• _Work instructions_
Since pictures are not part of the copy, please output only the lines from the one with "15. ballet flat at [194, 173, 482, 360]" through the end of the data below, exactly as written.
═══ Dataset records ═══
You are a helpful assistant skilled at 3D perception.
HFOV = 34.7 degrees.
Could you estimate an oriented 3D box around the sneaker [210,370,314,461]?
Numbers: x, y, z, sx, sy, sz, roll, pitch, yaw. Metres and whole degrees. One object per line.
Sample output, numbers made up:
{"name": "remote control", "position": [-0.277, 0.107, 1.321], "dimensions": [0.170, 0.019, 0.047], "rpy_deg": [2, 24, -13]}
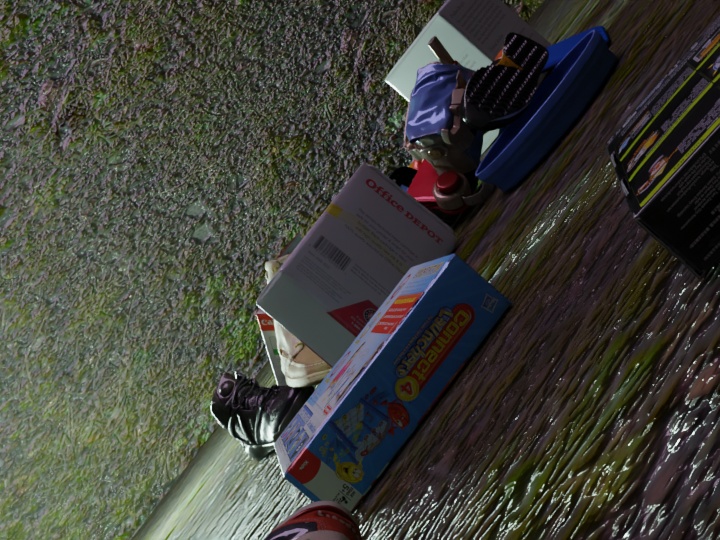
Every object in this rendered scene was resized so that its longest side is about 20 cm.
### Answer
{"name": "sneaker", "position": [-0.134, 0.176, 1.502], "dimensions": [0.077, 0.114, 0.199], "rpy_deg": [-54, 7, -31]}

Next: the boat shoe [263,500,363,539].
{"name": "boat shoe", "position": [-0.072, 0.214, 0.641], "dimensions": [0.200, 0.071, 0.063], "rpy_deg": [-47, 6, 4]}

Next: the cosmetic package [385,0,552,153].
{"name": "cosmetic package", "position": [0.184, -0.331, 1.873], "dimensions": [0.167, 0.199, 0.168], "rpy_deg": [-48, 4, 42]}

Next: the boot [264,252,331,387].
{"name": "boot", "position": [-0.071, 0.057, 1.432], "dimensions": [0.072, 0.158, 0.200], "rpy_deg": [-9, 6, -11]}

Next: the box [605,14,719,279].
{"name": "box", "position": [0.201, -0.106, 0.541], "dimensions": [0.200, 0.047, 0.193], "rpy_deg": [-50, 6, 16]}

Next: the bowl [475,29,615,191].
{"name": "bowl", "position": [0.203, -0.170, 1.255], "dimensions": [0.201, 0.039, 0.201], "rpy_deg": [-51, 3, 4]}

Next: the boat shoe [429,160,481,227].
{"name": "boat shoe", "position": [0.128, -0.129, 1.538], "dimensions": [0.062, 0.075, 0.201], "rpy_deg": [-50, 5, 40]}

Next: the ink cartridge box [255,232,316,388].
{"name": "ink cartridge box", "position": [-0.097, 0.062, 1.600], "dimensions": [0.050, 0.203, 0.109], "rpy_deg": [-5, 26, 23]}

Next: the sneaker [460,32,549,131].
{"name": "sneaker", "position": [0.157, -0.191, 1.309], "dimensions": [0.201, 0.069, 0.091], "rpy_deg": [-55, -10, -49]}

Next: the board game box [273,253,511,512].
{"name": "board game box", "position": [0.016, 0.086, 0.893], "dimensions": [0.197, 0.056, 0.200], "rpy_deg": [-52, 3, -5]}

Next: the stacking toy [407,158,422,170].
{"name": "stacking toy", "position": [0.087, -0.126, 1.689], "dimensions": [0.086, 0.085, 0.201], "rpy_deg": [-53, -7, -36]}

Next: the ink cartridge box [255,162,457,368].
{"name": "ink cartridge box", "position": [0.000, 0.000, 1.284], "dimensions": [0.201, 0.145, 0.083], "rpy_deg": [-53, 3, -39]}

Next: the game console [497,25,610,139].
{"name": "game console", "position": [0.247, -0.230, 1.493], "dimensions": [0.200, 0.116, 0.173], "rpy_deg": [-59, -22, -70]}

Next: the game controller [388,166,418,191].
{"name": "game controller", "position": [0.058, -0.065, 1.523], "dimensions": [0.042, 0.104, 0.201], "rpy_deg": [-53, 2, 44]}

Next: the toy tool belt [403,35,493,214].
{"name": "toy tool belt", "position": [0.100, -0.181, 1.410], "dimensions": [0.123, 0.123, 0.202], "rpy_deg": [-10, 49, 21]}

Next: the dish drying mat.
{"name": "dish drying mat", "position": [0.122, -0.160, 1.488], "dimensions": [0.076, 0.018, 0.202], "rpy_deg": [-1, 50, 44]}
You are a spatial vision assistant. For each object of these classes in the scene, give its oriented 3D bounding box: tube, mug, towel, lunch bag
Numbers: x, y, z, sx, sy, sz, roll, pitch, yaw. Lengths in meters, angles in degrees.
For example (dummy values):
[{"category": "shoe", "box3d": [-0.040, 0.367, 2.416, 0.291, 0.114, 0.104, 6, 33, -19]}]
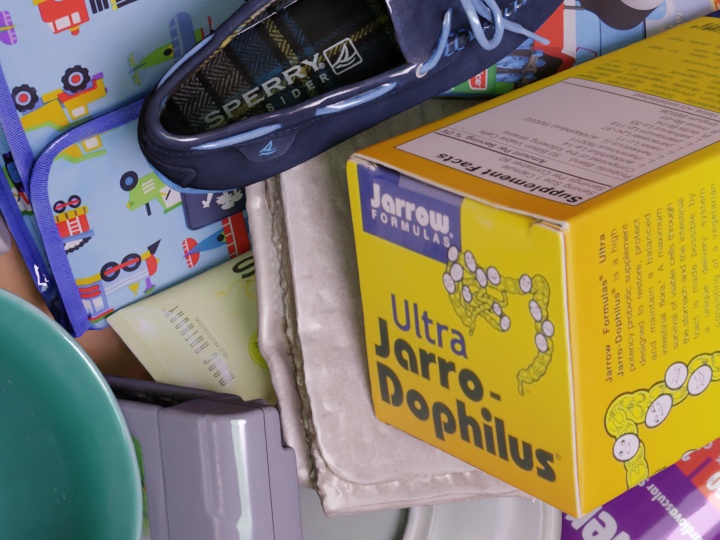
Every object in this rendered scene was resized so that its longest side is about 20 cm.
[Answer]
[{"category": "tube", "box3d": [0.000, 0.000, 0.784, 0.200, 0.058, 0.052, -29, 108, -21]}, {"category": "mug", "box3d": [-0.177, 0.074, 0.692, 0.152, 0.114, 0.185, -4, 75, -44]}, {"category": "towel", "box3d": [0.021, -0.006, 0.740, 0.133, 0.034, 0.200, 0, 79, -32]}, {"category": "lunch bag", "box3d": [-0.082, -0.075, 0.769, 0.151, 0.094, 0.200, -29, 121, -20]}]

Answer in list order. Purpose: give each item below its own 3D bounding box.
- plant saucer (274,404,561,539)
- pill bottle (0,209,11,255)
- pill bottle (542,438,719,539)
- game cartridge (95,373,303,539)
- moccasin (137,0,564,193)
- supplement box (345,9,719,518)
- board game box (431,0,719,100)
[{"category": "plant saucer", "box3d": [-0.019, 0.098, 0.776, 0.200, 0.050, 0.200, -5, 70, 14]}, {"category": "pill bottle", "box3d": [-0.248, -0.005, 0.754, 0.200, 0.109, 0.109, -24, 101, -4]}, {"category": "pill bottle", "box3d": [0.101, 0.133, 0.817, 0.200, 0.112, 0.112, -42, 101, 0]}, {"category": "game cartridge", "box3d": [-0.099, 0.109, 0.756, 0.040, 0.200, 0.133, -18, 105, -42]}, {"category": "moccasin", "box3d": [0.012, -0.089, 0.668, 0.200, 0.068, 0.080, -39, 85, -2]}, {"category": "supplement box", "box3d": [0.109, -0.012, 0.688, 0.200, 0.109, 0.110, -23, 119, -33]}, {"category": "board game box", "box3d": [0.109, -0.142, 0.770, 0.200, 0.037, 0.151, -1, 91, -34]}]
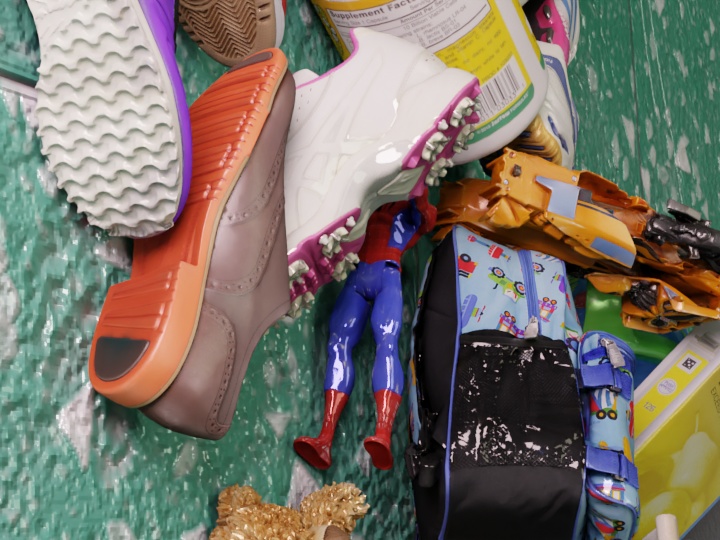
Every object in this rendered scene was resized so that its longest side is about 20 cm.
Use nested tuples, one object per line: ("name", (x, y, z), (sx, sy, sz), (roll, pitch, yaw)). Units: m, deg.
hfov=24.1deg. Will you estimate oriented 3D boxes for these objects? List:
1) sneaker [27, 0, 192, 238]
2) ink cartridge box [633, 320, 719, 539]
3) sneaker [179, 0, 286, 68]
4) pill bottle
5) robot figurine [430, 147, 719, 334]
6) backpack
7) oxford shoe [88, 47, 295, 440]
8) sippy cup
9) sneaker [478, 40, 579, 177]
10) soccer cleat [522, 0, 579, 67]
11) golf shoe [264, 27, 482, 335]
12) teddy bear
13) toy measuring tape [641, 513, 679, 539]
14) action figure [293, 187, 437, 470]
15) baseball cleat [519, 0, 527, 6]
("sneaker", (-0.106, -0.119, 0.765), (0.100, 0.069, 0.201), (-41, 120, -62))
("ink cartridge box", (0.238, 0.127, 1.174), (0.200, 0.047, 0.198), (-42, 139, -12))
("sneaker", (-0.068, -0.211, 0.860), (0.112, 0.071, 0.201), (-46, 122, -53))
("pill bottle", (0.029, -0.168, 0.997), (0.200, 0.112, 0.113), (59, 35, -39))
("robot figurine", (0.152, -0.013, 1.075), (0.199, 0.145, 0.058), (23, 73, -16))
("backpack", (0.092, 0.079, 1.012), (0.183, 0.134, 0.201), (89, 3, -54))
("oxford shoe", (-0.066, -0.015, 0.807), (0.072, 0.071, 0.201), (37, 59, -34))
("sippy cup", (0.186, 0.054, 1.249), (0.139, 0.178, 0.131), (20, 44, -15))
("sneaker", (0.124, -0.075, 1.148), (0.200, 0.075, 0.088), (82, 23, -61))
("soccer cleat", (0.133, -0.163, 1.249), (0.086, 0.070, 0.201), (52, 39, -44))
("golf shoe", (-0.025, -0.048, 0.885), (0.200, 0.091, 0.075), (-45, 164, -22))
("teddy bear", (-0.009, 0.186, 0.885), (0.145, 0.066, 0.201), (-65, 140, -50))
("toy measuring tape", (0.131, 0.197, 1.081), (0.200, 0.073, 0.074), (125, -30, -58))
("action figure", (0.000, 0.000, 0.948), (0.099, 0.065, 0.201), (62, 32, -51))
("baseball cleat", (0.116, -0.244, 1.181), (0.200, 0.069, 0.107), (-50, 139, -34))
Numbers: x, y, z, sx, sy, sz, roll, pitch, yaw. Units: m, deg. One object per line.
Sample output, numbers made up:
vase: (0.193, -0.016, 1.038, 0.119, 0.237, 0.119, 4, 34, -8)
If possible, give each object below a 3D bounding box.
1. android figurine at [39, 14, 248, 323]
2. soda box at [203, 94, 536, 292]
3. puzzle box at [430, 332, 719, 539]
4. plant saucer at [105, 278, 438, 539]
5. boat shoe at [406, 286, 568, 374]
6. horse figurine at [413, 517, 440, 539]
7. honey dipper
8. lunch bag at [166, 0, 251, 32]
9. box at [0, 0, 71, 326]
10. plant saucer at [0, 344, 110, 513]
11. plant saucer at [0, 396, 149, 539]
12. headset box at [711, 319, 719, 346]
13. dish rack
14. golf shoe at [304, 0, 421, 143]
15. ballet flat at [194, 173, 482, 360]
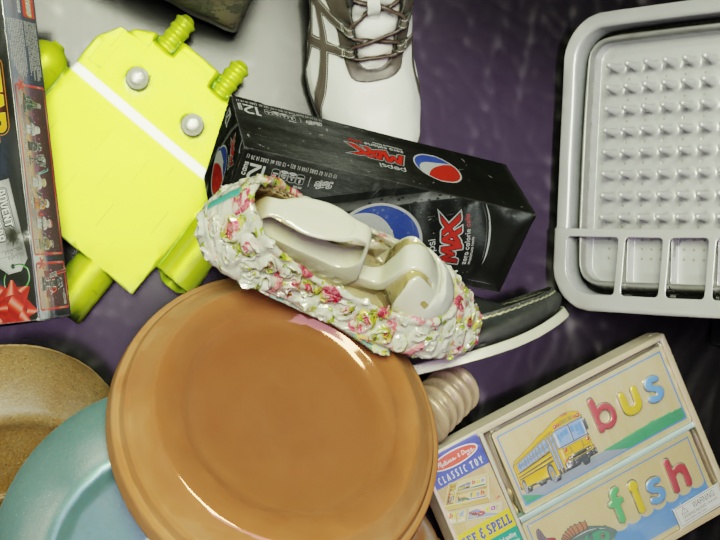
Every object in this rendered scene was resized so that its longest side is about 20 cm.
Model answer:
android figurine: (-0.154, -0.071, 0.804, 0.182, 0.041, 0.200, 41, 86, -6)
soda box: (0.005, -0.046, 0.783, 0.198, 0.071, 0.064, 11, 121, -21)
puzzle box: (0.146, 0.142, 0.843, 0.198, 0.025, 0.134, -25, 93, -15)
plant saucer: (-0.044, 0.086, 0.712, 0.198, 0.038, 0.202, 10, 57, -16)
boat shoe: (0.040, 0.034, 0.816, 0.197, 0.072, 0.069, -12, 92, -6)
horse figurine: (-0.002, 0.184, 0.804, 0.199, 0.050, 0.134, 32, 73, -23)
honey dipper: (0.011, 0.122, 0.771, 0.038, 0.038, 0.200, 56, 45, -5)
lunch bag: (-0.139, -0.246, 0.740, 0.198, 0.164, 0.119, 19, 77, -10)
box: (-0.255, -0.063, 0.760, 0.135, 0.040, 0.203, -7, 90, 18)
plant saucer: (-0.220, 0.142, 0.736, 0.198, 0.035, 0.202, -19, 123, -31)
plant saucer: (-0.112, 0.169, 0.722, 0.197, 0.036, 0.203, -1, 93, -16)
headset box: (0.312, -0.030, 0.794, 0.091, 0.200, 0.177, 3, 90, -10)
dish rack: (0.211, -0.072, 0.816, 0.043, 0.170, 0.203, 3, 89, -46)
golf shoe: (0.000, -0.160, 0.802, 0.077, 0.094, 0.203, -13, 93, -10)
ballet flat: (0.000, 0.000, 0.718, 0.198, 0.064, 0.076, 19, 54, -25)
═══
• _Finished exercise_
15. ballet flat at [194, 173, 482, 360]
Every object in this rendered scene was resized so that its longest side is about 20 cm.
Model answer:
android figurine: (-0.154, -0.071, 0.804, 0.182, 0.041, 0.200, 41, 86, -6)
soda box: (0.005, -0.046, 0.783, 0.198, 0.071, 0.064, 11, 121, -21)
puzzle box: (0.146, 0.142, 0.843, 0.198, 0.025, 0.134, -25, 93, -15)
plant saucer: (-0.044, 0.086, 0.712, 0.198, 0.038, 0.202, 10, 57, -16)
boat shoe: (0.040, 0.034, 0.816, 0.197, 0.072, 0.069, -12, 92, -6)
horse figurine: (-0.002, 0.184, 0.804, 0.199, 0.050, 0.134, 32, 73, -23)
honey dipper: (0.011, 0.122, 0.771, 0.038, 0.038, 0.200, 56, 45, -5)
lunch bag: (-0.139, -0.246, 0.740, 0.198, 0.164, 0.119, 19, 77, -10)
box: (-0.255, -0.063, 0.760, 0.135, 0.040, 0.203, -7, 90, 18)
plant saucer: (-0.220, 0.142, 0.736, 0.198, 0.035, 0.202, -19, 123, -31)
plant saucer: (-0.112, 0.169, 0.722, 0.197, 0.036, 0.203, -1, 93, -16)
headset box: (0.312, -0.030, 0.794, 0.091, 0.200, 0.177, 3, 90, -10)
dish rack: (0.211, -0.072, 0.816, 0.043, 0.170, 0.203, 3, 89, -46)
golf shoe: (0.000, -0.160, 0.802, 0.077, 0.094, 0.203, -13, 93, -10)
ballet flat: (0.000, 0.000, 0.718, 0.198, 0.064, 0.076, 19, 54, -25)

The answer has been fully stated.